# Unzipped



## gears of gore (Aug 4, 2010)

This is me at FrightFest, I didn't do the makeup but I wanted to share with you guys.


----------



## Frankie's Girl (Aug 27, 2007)

Oh that is wicked awesome! 
Super effect and very creative... bet you had lots of people staring at you!


----------



## gears of gore (Aug 4, 2010)

Haha yeah since it was the first try at that effect at the park I was talk of the park.


----------



## MHooch (Jun 15, 2007)

Niiiiiice!!!


----------



## Dark Passenger (Aug 22, 2011)

That's killer, I've never seen anything like it before.


----------



## dudeamis (Jul 26, 2010)

wicked awesome


----------



## JordanEDunston7789 (Oct 9, 2011)

Oh that is wicked awesome!It's so ...amazing!!!!!!


----------



## Minshe (Jul 7, 2011)

That is weird I just watched it on you tube before I saw this posting, so I will share the link if anyone is interested in seeing sort of how it was done. It does not show how to do it, but shows at the end of the video the person taking it off so you can get a pretty good idea of how it was put on. It is a slightly different take on the same theme.

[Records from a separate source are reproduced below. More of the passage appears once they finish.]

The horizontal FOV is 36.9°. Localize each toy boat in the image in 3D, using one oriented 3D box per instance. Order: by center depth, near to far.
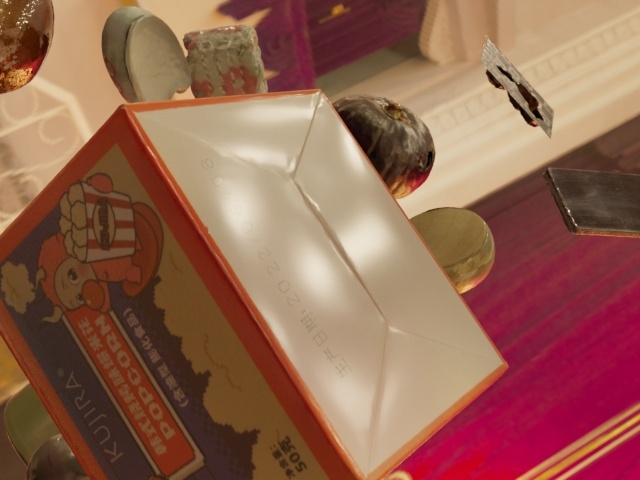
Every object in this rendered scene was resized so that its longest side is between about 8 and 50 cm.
[{"bbox_3d":[-0.290,-0.288,1.554,0.078,0.134,0.208,18,-26,31],"label":"toy boat"}]

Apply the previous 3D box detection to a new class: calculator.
[{"bbox_3d":[0.535,-0.066,1.716,0.021,0.261,0.161,111,-24,-43],"label":"calculator"}]

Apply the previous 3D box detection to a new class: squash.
[{"bbox_3d":[0.086,-0.145,1.484,0.193,0.193,0.156,56,-39,23],"label":"squash"}]

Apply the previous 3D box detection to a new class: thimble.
[{"bbox_3d":[-0.182,-0.329,1.886,0.211,0.149,0.185,80,0,-70],"label":"thimble"}]

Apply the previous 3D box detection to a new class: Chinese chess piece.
[{"bbox_3d":[0.265,0.023,2.103,0.238,0.237,0.092,44,-22,49],"label":"Chinese chess piece"}]

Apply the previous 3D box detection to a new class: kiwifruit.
[{"bbox_3d":[-0.524,-0.341,1.535,0.196,0.195,0.234,86,-5,-55],"label":"kiwifruit"}]

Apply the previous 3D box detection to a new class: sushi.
[{"bbox_3d":[0.347,-0.273,1.749,0.201,0.031,0.139,45,32,-11],"label":"sushi"}]

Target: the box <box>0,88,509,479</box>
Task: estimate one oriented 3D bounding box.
[{"bbox_3d":[-0.066,0.076,0.884,0.257,0.318,0.349,-39,-99,32],"label":"box"}]

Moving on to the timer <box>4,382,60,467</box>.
[{"bbox_3d":[-0.277,0.234,1.483,0.290,0.315,0.291,41,5,-4],"label":"timer"}]

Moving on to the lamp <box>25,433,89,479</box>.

http://www.youtube.com/watch?v=7ju9MGtbRu4&feature=related


----------



## gears of gore (Aug 4, 2010)

Yeah mine was basically the same thing, the only difference was that I was painted up a zombie afterwards. Also I had extra liquid latex to cover up the seams of the zipper, tho I do like his contacts a lot.


----------



## joossa (Sep 4, 2010)

So sick, it's awesome! Major props!


----------



## Trinity1 (Sep 5, 2009)

That looks AWESOME!!!


----------



## I love the dead (Sep 2, 2011)

That is crazy sick! Great job!


----------